Intraocular lens calculation adjustment after laser refractive surgery using Scheimpflug imaging.

J Cataract Refract Surg

From Medical Physics (Schuster), Universitätsmedizin Mannheim, University of Heidelberg, Mannheim, and the Department of Ophthalmology (Schuster), Mainz University Medical Center, Mainz, Germany; private practice (Schanzlin), Gordon-Weiss-Schanzlin Vision Institute, and the Shiley Eye Center (Heichel, Purcell), University of California San Diego, La Jolla, California, and the Walter Reed National Military Medical Center (Thomas, Barker), Bethesda, Maryland, USA.

Published: February 2016

Purpose: To test a new method of intraocular lens (IOL) calculation after corneal refractive surgery using Scheimpflug imaging (Pentacam HR) and partial coherence interferometry (PCI) (IOLMaster) that does not require historical data; that is, the Schuster/Schanzlin-Thomas-Purcell (SToP) IOL calculator.

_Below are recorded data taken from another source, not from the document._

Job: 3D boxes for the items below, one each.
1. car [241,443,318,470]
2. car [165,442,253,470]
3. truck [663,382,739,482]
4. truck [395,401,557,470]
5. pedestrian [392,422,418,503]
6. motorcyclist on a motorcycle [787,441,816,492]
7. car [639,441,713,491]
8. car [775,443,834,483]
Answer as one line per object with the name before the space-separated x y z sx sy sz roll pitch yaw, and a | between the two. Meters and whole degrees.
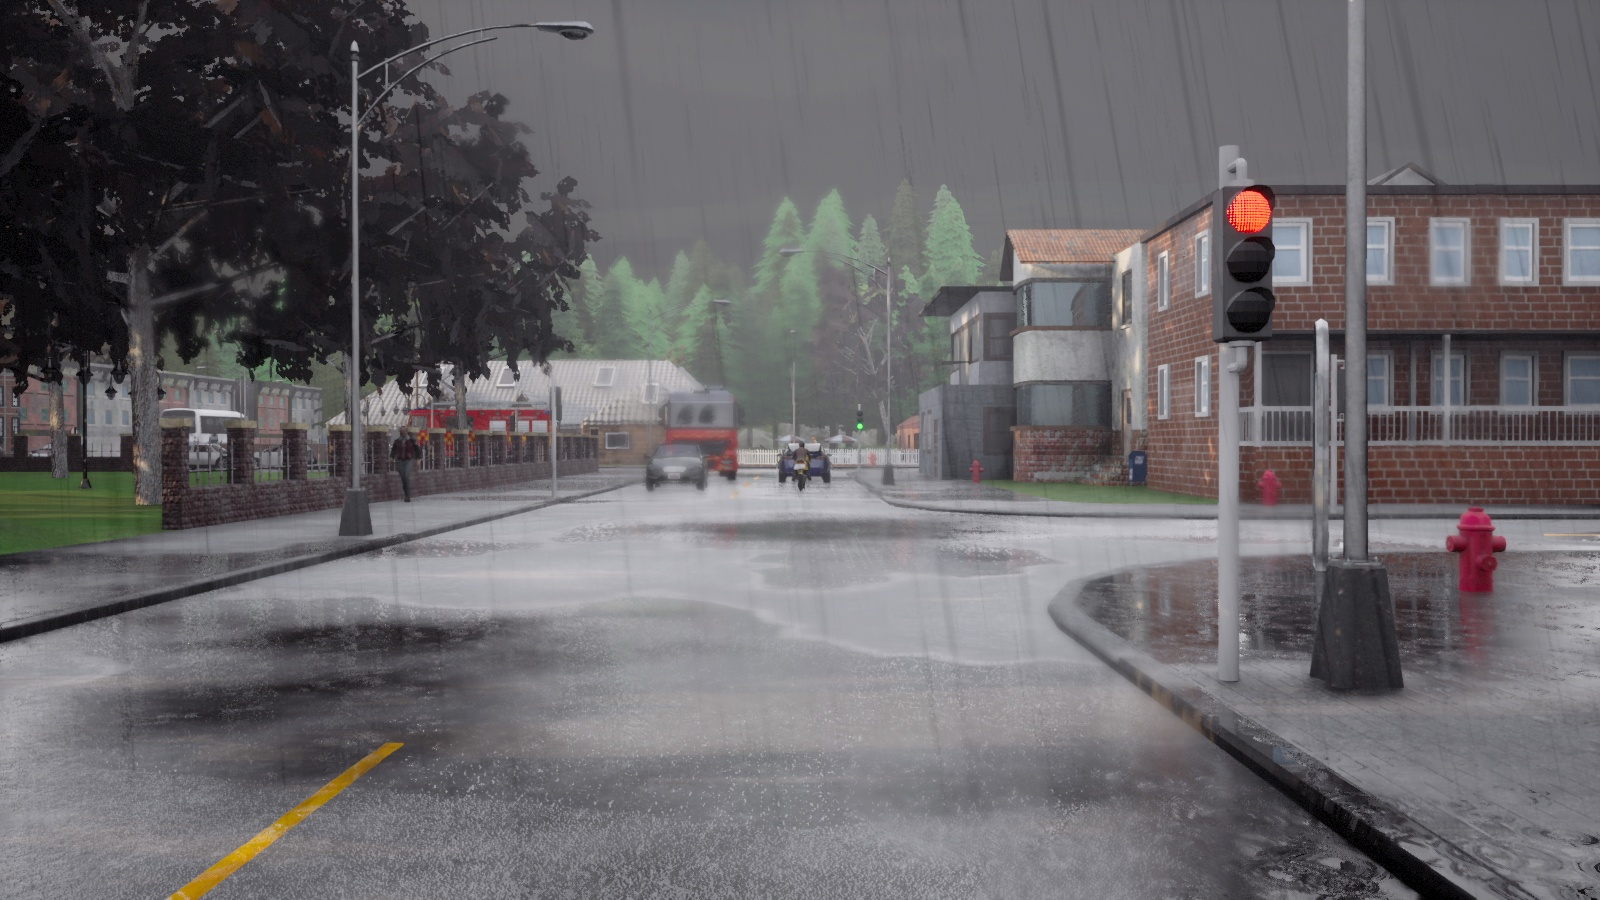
car | -29.528 0.335 71.314 3.633 1.501 1.845 0 0 1
car | -31.765 0.305 67.616 3.806 1.475 1.970 0 0 -1
truck | -4.037 -0.718 52.503 2.891 3.827 8.468 0 0 -3
truck | -18.288 -0.835 71.285 8.468 3.827 2.891 0 0 1
pedestrian | -9.179 0.284 29.194 0.376 1.854 0.720 0 0 0
motorcyclist on a motorcycle | 0.060 0.507 38.990 0.797 1.523 2.044 0 0 3
car | -3.947 0.470 40.708 2.128 1.511 4.902 0 0 -3
car | 0.168 0.470 49.046 2.163 1.488 4.792 0 0 0
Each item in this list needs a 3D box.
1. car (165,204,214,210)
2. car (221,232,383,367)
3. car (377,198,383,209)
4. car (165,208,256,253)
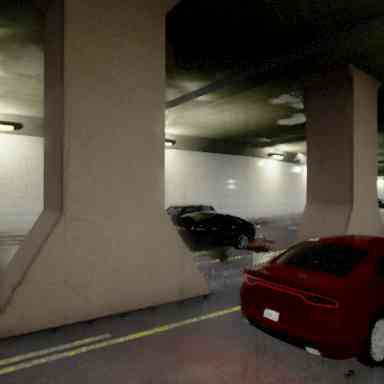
[{"bbox_3d":[-0.558,1.400,16.526,4.553,1.767,2.097,0,0,-36],"label":"car"},{"bbox_3d":[3.083,1.505,5.884,5.008,1.535,1.882,0,0,-35],"label":"car"},{"bbox_3d":[26.900,1.584,49.046,2.097,1.767,4.553,0,0,23],"label":"car"},{"bbox_3d":[0.347,1.544,12.848,4.892,1.490,1.837,0,0,-36],"label":"car"}]
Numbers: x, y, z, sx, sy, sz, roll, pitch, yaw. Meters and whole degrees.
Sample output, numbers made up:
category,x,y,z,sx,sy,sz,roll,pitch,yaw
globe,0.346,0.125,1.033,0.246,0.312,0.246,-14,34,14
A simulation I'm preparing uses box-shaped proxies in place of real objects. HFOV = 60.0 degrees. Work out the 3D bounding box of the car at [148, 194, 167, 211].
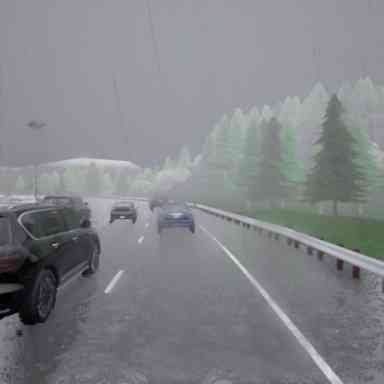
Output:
category,x,y,z,sx,sy,sz,roll,pitch,yaw
car,-4.071,1.231,40.702,2.150,2.045,5.566,0,0,-11

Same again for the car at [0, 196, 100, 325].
category,x,y,z,sx,sy,sz,roll,pitch,yaw
car,-3.623,1.228,7.225,2.150,2.045,5.566,0,0,-2

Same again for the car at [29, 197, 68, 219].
category,x,y,z,sx,sy,sz,roll,pitch,yaw
car,-12.895,1.378,30.201,2.097,1.767,4.553,0,0,-8

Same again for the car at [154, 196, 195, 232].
category,x,y,z,sx,sy,sz,roll,pitch,yaw
car,-1.060,1.355,20.287,2.097,1.767,4.553,0,0,-5

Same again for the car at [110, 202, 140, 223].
category,x,y,z,sx,sy,sz,roll,pitch,yaw
car,-5.195,1.516,25.759,1.837,1.490,4.892,0,0,-7

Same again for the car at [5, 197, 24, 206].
category,x,y,z,sx,sy,sz,roll,pitch,yaw
car,-29.470,1.622,55.396,1.994,1.385,4.181,0,0,-16
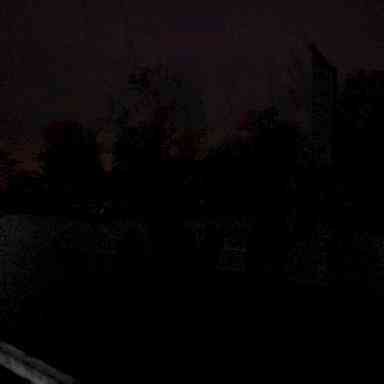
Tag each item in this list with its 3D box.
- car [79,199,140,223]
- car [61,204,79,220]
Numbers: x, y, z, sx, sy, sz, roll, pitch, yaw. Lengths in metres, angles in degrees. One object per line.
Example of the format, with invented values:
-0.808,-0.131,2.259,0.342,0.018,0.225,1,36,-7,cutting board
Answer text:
-6.397,1.489,27.164,2.185,1.767,4.553,-1,0,35,car
-9.018,1.681,28.946,2.002,1.452,4.674,-1,0,35,car
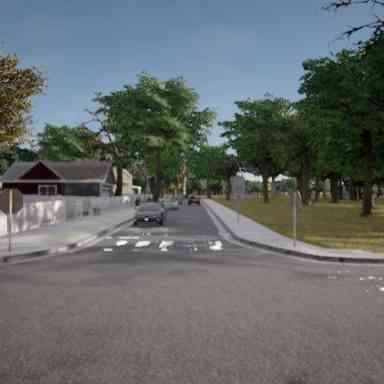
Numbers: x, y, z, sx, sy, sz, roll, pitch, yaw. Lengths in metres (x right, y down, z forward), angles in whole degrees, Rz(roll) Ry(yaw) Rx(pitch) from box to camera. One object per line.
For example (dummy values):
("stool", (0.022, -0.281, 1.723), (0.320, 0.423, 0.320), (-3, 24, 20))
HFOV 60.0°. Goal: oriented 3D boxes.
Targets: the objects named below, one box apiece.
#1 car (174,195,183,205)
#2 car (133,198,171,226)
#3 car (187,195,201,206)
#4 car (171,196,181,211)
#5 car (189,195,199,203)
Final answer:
("car", (-2.461, 1.292, 52.334), (2.128, 1.511, 4.902), (0, 0, 1))
("car", (-2.714, 1.384, 22.329), (1.837, 1.490, 4.892), (0, 0, 0))
("car", (0.315, 1.307, 51.332), (1.837, 1.490, 4.892), (0, 0, 0))
("car", (-2.609, 1.432, 38.067), (1.895, 1.301, 4.718), (0, 0, 0))
("car", (0.383, 1.308, 61.754), (1.812, 1.442, 4.674), (0, 0, 0))
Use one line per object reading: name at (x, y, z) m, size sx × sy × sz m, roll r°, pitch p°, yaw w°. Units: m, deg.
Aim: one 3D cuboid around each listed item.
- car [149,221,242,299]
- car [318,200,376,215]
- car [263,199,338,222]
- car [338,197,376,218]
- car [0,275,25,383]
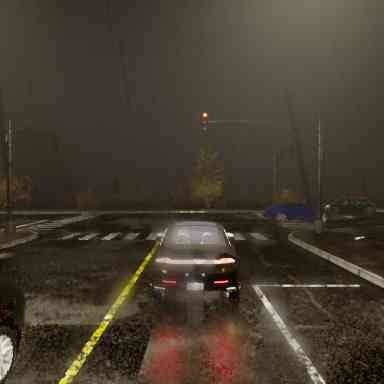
car at (0.083, 1.489, 8.425) m, size 2.128 × 1.511 × 4.902 m, roll 0°, pitch 0°, yaw 1°
car at (14.749, 1.429, 31.811) m, size 4.718 × 1.301 × 1.895 m, roll 0°, pitch 1°, yaw -2°
car at (7.949, 1.429, 25.176) m, size 5.008 × 1.535 × 1.882 m, roll 0°, pitch 1°, yaw 1°
car at (13.144, 1.232, 28.529) m, size 4.553 × 1.767 × 2.097 m, roll 0°, pitch 1°, yaw -1°
car at (-3.068, 1.506, 2.354) m, size 1.837 × 1.490 × 4.892 m, roll 0°, pitch 0°, yaw 0°
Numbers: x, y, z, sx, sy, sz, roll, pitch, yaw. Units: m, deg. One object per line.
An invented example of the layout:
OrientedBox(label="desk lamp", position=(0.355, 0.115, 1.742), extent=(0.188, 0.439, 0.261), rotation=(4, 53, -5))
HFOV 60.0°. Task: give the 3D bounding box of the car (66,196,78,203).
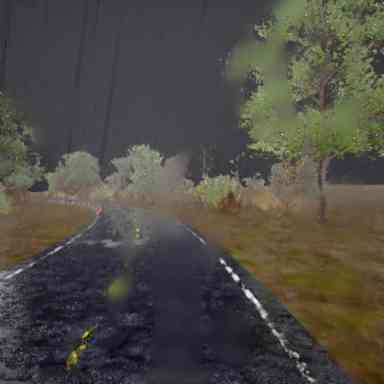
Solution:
OrientedBox(label="car", position=(-27.319, 1.661, 75.890), extent=(1.837, 1.490, 4.892), rotation=(0, 0, -32))
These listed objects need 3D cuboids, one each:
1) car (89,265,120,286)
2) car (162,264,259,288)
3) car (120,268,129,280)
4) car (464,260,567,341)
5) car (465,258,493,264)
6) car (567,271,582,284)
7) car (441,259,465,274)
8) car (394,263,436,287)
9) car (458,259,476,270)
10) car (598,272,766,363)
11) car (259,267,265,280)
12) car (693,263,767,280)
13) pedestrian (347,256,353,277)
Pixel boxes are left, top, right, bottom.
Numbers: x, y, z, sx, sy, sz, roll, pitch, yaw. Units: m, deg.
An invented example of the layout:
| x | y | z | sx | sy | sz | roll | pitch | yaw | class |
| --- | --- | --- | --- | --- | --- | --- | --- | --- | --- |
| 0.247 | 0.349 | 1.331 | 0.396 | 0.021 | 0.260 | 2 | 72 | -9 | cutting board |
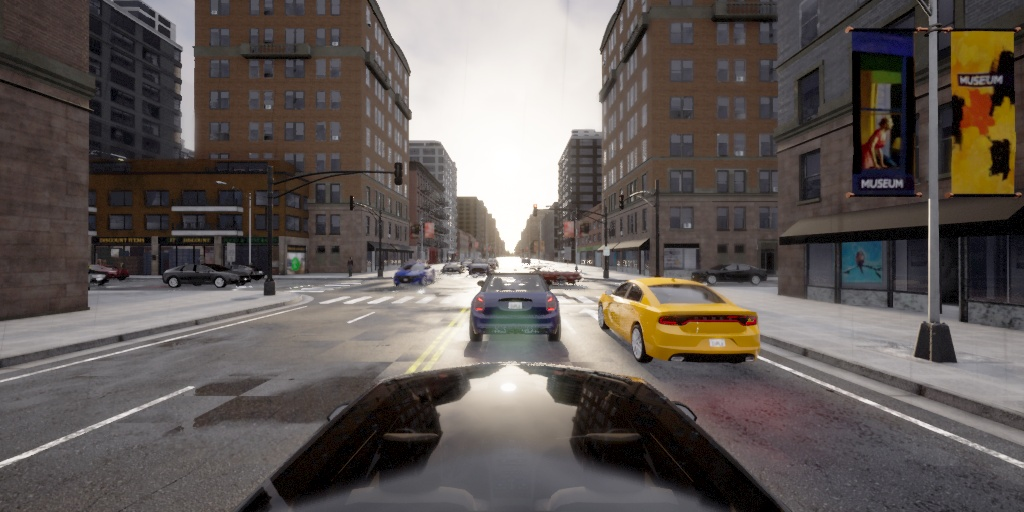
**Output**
| x | y | z | sx | sy | sz | roll | pitch | yaw | class |
| --- | --- | --- | --- | --- | --- | --- | --- | --- | --- |
| -29.105 | 1.232 | 23.182 | 4.902 | 1.511 | 2.128 | 0 | 0 | 0 | car |
| -19.617 | 1.248 | 23.148 | 4.892 | 1.490 | 1.837 | 0 | 0 | 0 | car |
| -33.189 | 1.344 | 28.681 | 4.207 | 1.307 | 1.802 | 0 | 0 | 0 | car |
| 0.077 | 1.102 | 9.977 | 2.097 | 1.767 | 4.553 | 0 | 0 | 0 | car |
| -3.407 | 1.101 | 37.835 | 2.097 | 1.767 | 4.553 | 0 | 0 | 0 | car |
| 2.470 | 1.353 | 25.360 | 4.718 | 1.301 | 1.895 | 0 | 0 | 33 | car |
| -6.662 | 1.312 | 40.534 | 1.994 | 1.385 | 4.181 | 0 | 0 | 0 | car |
| -6.636 | 1.233 | 24.862 | 1.882 | 1.535 | 5.008 | 0 | 0 | 0 | car |
| -6.674 | 1.238 | 53.490 | 2.128 | 1.511 | 4.902 | 0 | 0 | 0 | car |
| 3.315 | 1.228 | 8.176 | 1.882 | 1.535 | 5.008 | 0 | 0 | 1 | car |
| -22.167 | 1.330 | 28.642 | 4.313 | 1.339 | 1.948 | 0 | 0 | 0 | car |
| 15.844 | 1.267 | 26.327 | 5.008 | 1.535 | 1.882 | 0 | 0 | 1 | car |
| -14.189 | 0.920 | 31.491 | 0.375 | 1.860 | 0.375 | 0 | 0 | 0 | pedestrian |
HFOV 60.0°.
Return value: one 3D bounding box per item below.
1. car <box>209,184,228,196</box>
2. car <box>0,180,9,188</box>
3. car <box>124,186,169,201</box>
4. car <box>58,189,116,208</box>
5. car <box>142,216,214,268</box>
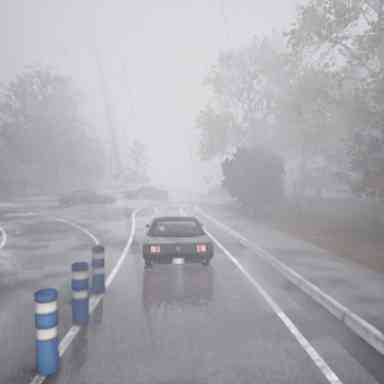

Setting: Shiley Eye Center, San Diego, California, and Walter Reed National Military Medical Center, Bethesda, Maryland, USA.

Design: Retrospective data analysis and validation study.

Methods: Data were retrospectively collected from patient charts including data from Scheimpflug imaging and refractive history. Target refraction was calculated using PCI and the Holladay 1 and SRK/T formulas. Regression analysis was performed to explain the deviation of the target refraction, taking into account the following influencing factors: ratio of posterior-to-anterior corneal radius, axial length (AL), and anterior corneal radius.

Results: The regression analysis study included 61 eyes (39 patients) that had laser in situ keratomileusis (57 eyes) or photorefractive keratectomy (4 eyes) and subsequent cataract. Two factors were found that explained the deviation of the target refraction using the Holladay 1 formula; that is, the ratio of the corneal radii and the AL and the ratio of corneal radii for the SRK/T formula. A new IOL adjustment calculator was derived and validated at a second center using 14 eyes (10 patients).

Conclusions: The error in IOL calculation for normal eyes after laser refractive treatment was related to the ratio of posterior-to-anterior corneal radius. A formula requiring Scheimpflug data and suggested IOL power only yielded an improved postoperative result for patients with previous corneal laser refractive surgery having cataract surgery.

Financial Disclosure: No author has a financial or proprietary interest in any material or method mentioned.